I hate to say "I told you so" but ........

> Sadder but wiser,
Great on windows and all around the bathroom it even kills weeds in the garden but it won't clean
a bike :-(

Robert
 
P

Pete Hickey

Guest
In article <[email protected]>,
B. Sanders <[email protected]> wrote:
>"Tom Parker" <[email protected]> wrote in message
>news:[email protected]...

>> The only bright note was that afterwards I discovered a 20-year old can of Boraxo powdered hand
>> cleaner, which did a very effective job of cleaning my hands!

>Boraxo! That's great stuff! It is not gentle to your hands; but there's nothing more effective that
>I've found.

The best way to clean your hands, is to make bread. The kneading of the doe gets all the greese off.
Even the stuff under the fingernails. Plus! It is easy on the hands. Bigger plus!

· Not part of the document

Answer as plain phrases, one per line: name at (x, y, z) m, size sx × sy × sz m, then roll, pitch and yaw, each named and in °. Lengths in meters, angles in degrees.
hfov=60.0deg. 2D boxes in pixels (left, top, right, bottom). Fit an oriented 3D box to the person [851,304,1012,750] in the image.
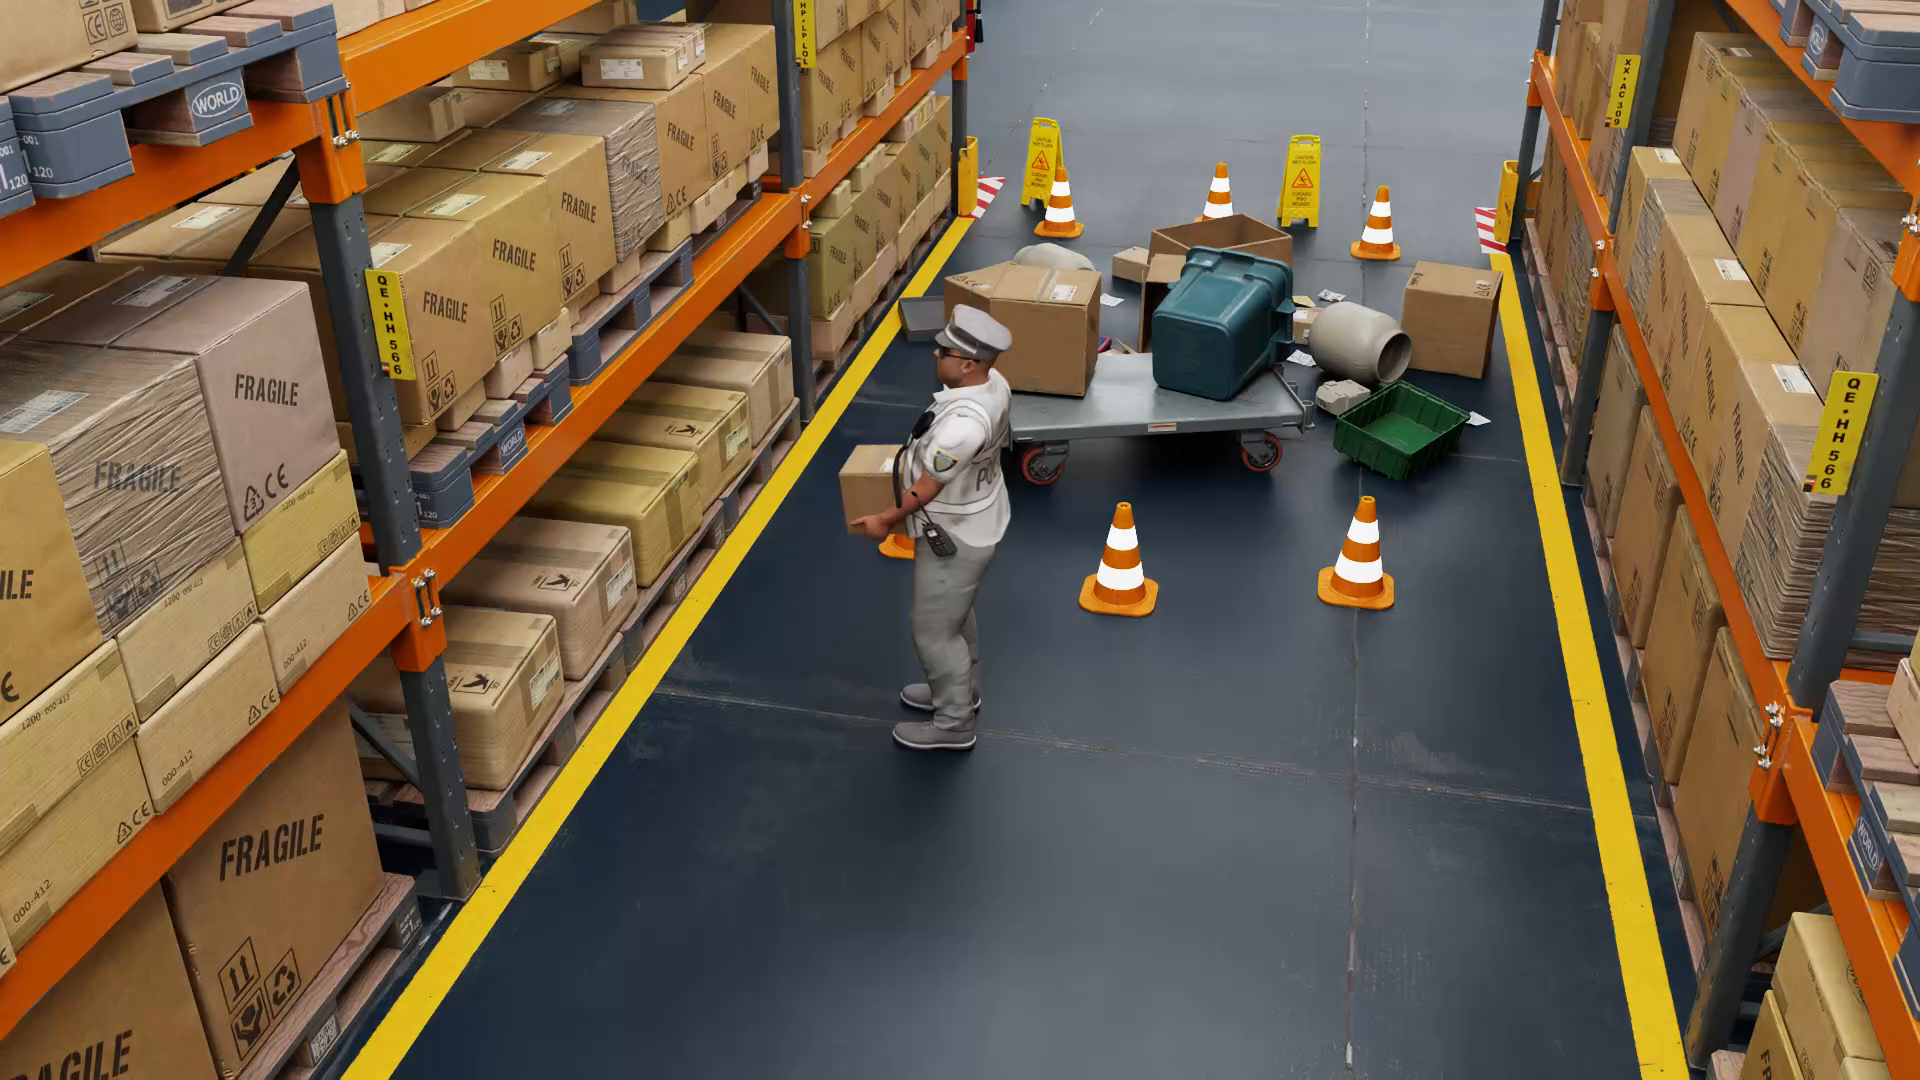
person at (-0.099, -0.046, 6.180) m, size 0.573 × 1.768 × 0.494 m, roll 6°, pitch 29°, yaw 11°

Soon after, you
will have delicious fresh baked bread.

--
--
LITTLE KNOWN FACT: Did you know that 86% of North Americans cannot taste the difference between
fried dog and fried cat?
 
R

Ryan Cousineau

Guest
In article <[email protected]>,
[email protected] (Pete Hickey) wrote:

> The best way to clean your hands, is to make bread. The kneading of the doe gets all the greese
> off. Even the stuff under the fingernails. Plus! It is easy on the hands. Bigger plus! Soon after,
> you will have delicious fresh baked bread.

That's great! Remind me never to eat bread at your house.